Service level management is the practice of standardizing data into a universal language. Within an organization, communication between stakeholders can often prove more difficult than needed. IT departments usually don't speak in terms that the business-focused parts of an organization can understand, and they in turn don't normally communicate in terms that IT teams find useful. To improve reliability, resolving this language barrier helps to prevent issues. Service level management, or the practice of standardizing data into a universal language that all parties can understand, aids in doing just that.
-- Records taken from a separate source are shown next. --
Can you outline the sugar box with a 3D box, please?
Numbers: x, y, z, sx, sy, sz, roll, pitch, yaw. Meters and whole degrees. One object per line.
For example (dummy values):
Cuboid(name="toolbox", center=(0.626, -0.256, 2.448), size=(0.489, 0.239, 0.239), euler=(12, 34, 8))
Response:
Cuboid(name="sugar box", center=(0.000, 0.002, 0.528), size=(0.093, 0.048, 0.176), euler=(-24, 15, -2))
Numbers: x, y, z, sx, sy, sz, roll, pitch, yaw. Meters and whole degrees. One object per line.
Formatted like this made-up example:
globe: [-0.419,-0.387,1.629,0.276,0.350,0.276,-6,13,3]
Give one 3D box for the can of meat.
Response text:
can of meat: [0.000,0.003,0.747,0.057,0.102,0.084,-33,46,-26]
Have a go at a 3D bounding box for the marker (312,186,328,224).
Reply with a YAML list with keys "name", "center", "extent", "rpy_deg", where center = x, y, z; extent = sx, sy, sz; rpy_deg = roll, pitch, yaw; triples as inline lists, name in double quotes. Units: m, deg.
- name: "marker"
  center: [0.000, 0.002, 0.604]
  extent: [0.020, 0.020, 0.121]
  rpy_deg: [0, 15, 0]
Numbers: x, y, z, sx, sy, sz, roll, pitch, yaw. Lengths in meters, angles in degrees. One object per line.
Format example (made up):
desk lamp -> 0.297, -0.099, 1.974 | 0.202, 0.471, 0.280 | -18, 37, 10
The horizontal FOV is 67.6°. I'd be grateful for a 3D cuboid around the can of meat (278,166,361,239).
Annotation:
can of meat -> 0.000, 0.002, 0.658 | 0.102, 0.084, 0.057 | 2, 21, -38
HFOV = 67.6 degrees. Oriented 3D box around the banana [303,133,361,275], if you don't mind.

Service level management best applies to the practice of Uptime, performance and reliability, but it also applies to the other practices of Customer experience, Innovation and growth, and Operational efficiency (learn more about these practices). Regardless of what area you want to improve, using SLM has two major areas of impact: business outcomes and operational outcomes.
The required business outcome in terms of reliability focuses on reducing the number of business-impacting incidents, their duration, and the number of people involved.
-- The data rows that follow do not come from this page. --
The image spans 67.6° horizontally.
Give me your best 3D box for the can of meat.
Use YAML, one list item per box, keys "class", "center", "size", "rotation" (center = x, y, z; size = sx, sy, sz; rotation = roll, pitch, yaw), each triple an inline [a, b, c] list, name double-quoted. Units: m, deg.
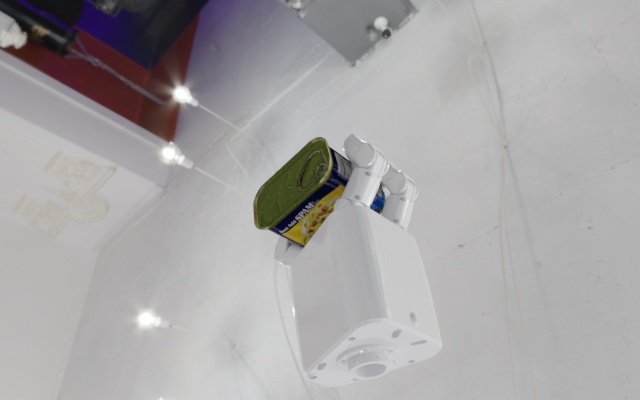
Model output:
- class: "can of meat"
  center: [0.000, 0.002, 0.460]
  size: [0.084, 0.057, 0.102]
  rotation: [31, -59, -35]
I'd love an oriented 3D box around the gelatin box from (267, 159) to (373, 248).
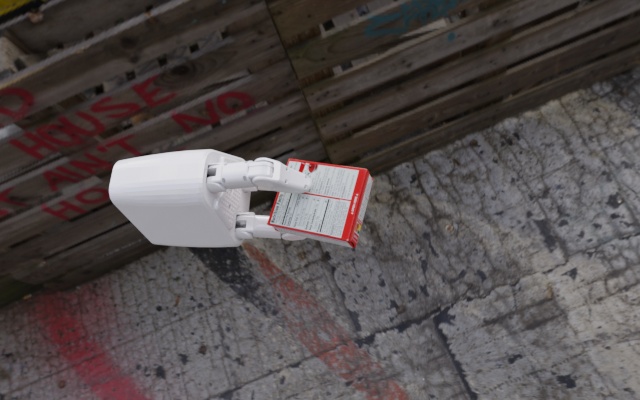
[{"bbox_3d":[0.000,0.001,0.471,0.089,0.073,0.030,9,-16,23],"label":"gelatin box"}]
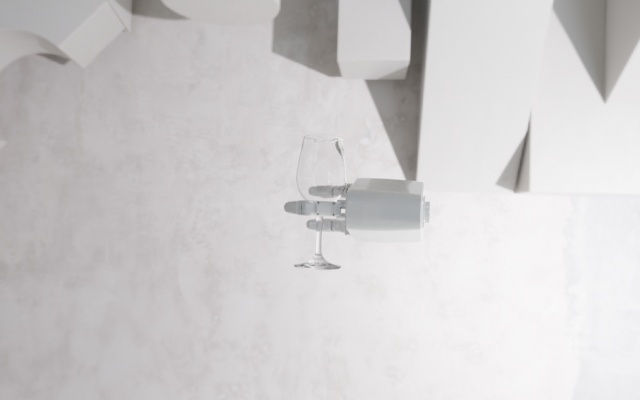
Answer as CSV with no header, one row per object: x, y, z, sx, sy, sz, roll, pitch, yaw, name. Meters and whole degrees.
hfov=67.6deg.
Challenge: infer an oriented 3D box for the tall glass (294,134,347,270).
0.000,0.003,0.736,0.079,0.201,0.079,2,-1,0,tall glass
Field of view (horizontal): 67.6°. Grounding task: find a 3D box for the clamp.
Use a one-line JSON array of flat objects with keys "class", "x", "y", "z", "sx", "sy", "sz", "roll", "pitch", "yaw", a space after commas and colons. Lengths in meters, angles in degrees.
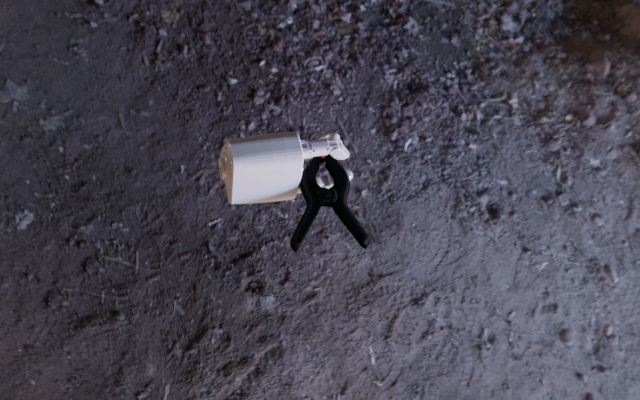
[{"class": "clamp", "x": 0.000, "y": 0.002, "z": 0.740, "sx": 0.120, "sy": 0.171, "sz": 0.039, "roll": -9, "pitch": -20, "yaw": -17}]
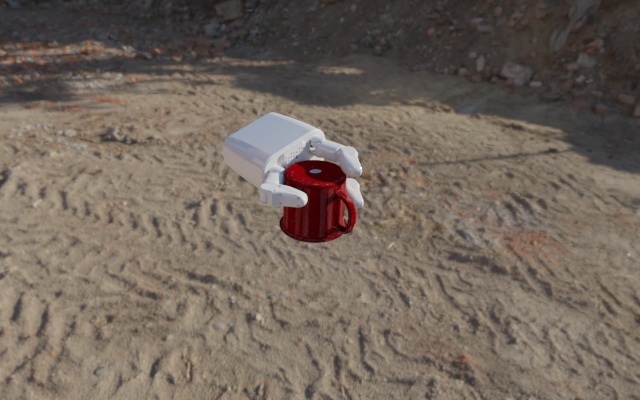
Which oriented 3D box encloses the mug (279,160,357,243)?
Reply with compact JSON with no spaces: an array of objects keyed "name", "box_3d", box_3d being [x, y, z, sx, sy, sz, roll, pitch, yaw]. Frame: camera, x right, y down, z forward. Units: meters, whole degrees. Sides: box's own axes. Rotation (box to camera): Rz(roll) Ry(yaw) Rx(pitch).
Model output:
[{"name":"mug","box_3d":[0.001,0.002,0.626,0.093,0.081,0.117,-22,37,-38]}]
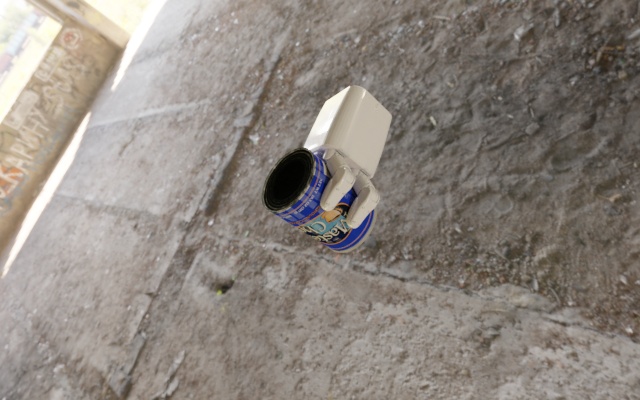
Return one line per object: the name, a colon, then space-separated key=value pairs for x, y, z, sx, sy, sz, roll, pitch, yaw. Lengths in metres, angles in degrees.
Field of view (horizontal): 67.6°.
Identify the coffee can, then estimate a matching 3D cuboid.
coffee can: x=0.000 y=0.003 z=0.696 sx=0.103 sy=0.102 sz=0.140 roll=0 pitch=-27 yaw=48

Reduce the number of business-disrupting incidents.
Reduce mean time to resolution (MTTR).
Reduce average number of people engaged (FTEs) per severe incident.
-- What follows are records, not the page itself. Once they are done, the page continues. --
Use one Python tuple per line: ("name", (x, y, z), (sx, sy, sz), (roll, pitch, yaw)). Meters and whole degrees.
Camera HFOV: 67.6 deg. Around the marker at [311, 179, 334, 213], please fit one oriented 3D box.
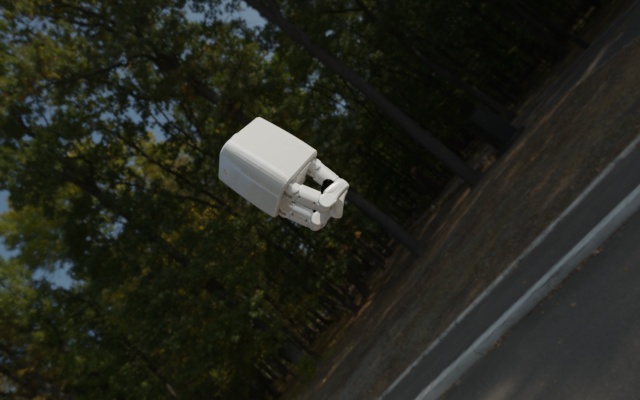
("marker", (0.000, 0.002, 0.734), (0.020, 0.020, 0.121), (0, -28, -14))
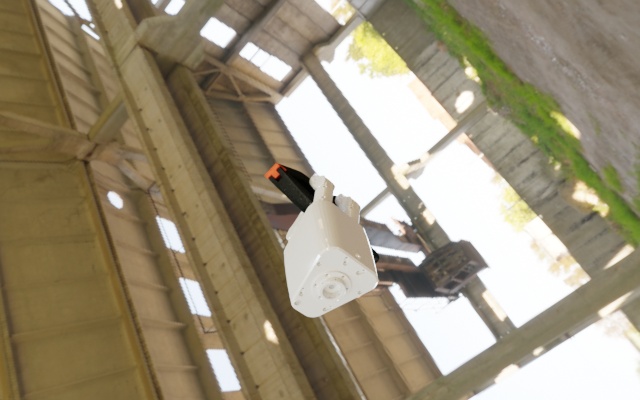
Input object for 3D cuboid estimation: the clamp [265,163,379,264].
[{"bbox_3d":[-0.001,0.003,0.754,0.210,0.036,0.164,37,17,-25],"label":"clamp"}]
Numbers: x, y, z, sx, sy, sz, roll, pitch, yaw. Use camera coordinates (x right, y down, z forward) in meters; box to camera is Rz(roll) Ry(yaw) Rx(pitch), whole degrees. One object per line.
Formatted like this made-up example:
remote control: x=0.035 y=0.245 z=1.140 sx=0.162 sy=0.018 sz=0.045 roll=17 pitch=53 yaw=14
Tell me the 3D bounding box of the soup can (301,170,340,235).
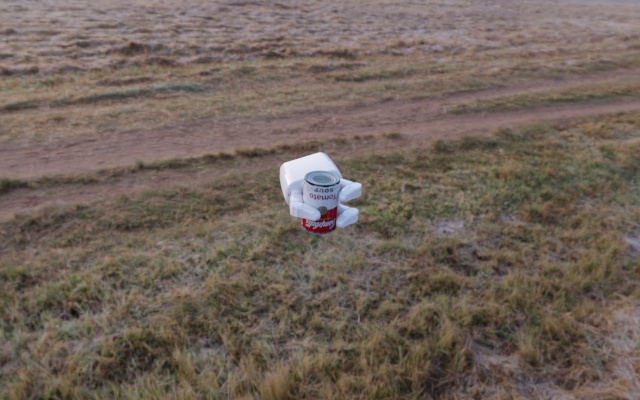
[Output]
soup can: x=0.000 y=0.003 z=0.892 sx=0.068 sy=0.102 sz=0.068 roll=4 pitch=27 yaw=-2
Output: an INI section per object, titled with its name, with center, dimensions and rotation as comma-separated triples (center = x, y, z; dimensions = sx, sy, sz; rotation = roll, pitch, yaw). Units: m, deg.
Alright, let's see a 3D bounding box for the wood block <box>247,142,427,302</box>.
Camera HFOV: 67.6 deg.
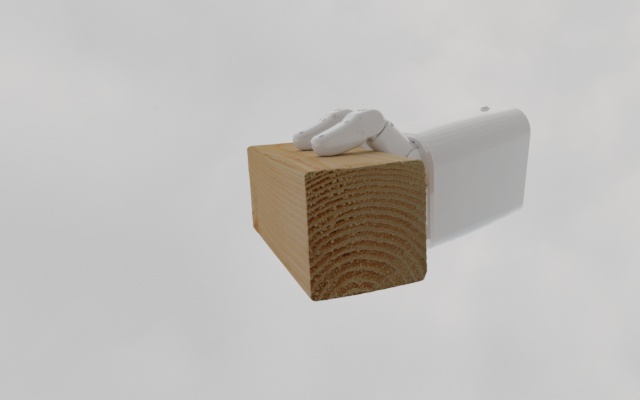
[wood block]
center = 0.000, 0.002, 0.417
dimensions = 0.090, 0.091, 0.206
rotation = -8, 13, -17
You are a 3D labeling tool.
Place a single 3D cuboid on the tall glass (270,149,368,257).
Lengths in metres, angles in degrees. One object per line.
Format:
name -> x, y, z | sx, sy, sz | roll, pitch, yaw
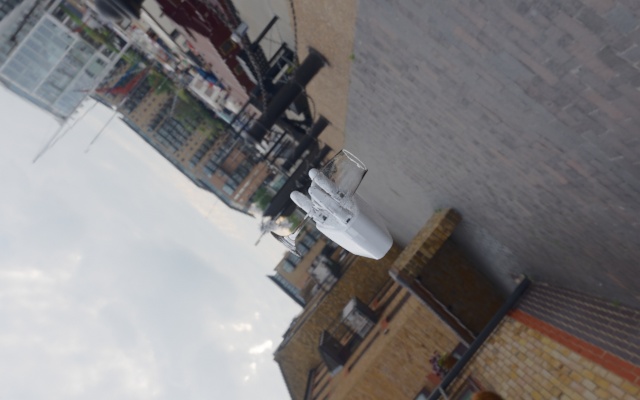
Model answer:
tall glass -> 0.000, 0.003, 0.866 | 0.079, 0.201, 0.079 | 39, 0, 0
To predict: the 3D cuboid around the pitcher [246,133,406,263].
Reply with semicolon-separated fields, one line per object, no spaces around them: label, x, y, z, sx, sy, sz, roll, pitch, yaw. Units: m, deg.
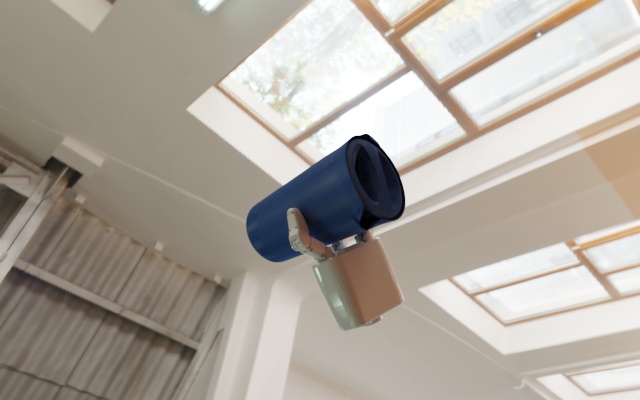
pitcher;0.000;0.003;0.743;0.243;0.145;0.149;-28;-6;36
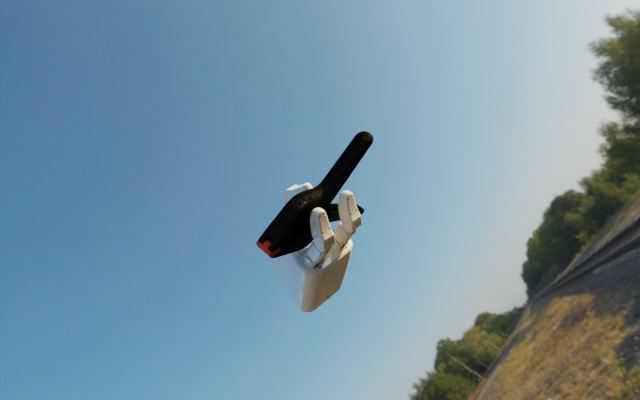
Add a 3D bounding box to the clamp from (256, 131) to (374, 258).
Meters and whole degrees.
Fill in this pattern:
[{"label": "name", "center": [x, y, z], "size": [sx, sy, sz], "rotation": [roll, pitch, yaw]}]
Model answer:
[{"label": "clamp", "center": [-0.001, 0.002, 0.658], "size": [0.036, 0.165, 0.210], "rotation": [35, 49, 28]}]

The required operational outcome in terms reliability focuses on the health of your digital product.
Measure operational success by what percentage of critical product applications you cover with your standard service levels.
Examine at the percentage of policy adoption by your primary stakeholders.
Focus on what's important to the stakeholders, ensure simplicity, and prove the effectiveness of service level management.
Why use service level management?
Improving service levels and reliability requires adoption of the practice by all the stakeholders of the service. This includes engineering management, product management, and executive management to quickly show the power and value of service levels and start discussions about what matters to each group. The steps in this guide will get you those meaningful discussions very quickly.
A common method first establishes output performance and input performance service levels for one digital product and its critical capabilities. This usually involves one overall output and input service level for each endpoint application (usually one or two), and then approximately 4-7 output performance service levels for assumed critical capabilities measured at the endpoint transaction.
This method doesn't survey each stakeholder for what should and shouldn't be measured, as surveys often take too long and have too many parts in scenarios like this. The important thing is to start with baselines and key transactions as "capabilities."
Successful implementations of service levels demonstrate the ability to easily measure and communicate overall system health. That initial demonstration will show the value in investing more time to refine what your service levels measure. The sooner you provide that complete demonstration, the sooner you can achieve broad adoption and begin the reliability improvement process in collaboration with all your stakeholders!
Let's take a look at some of the common terms and define our KPIs before proceeding.
Terminology
A service level measures the performance of a system. You measure service levels by using indicators and comparing them against a set of objectives for expected performance and outcomes.
We define service level management as the practice of reporting, maintaining, and managing service level compliance.
A service level indicator (SLI) measures a service level. An SLI identifies something you want to measure, and measures either one datapoint or a composite of datapoints. An SLI most commonly represents a percentage (%) of successful transactions or events. It measures the total number of good events over the total number of valid events calculated over a specified period of time, such as 1 hour, 1 day, or 1 week.
Examples SLIs:
Percentage of login API transactions that complete within 500 milliseconds.
Percentage of login API transactions that complete without an internal server error.
Percentage of login API transactions that complete within 500 milliseconds and without an internal server error.
Percentage of synthetic check Pings against the Login API that are successful.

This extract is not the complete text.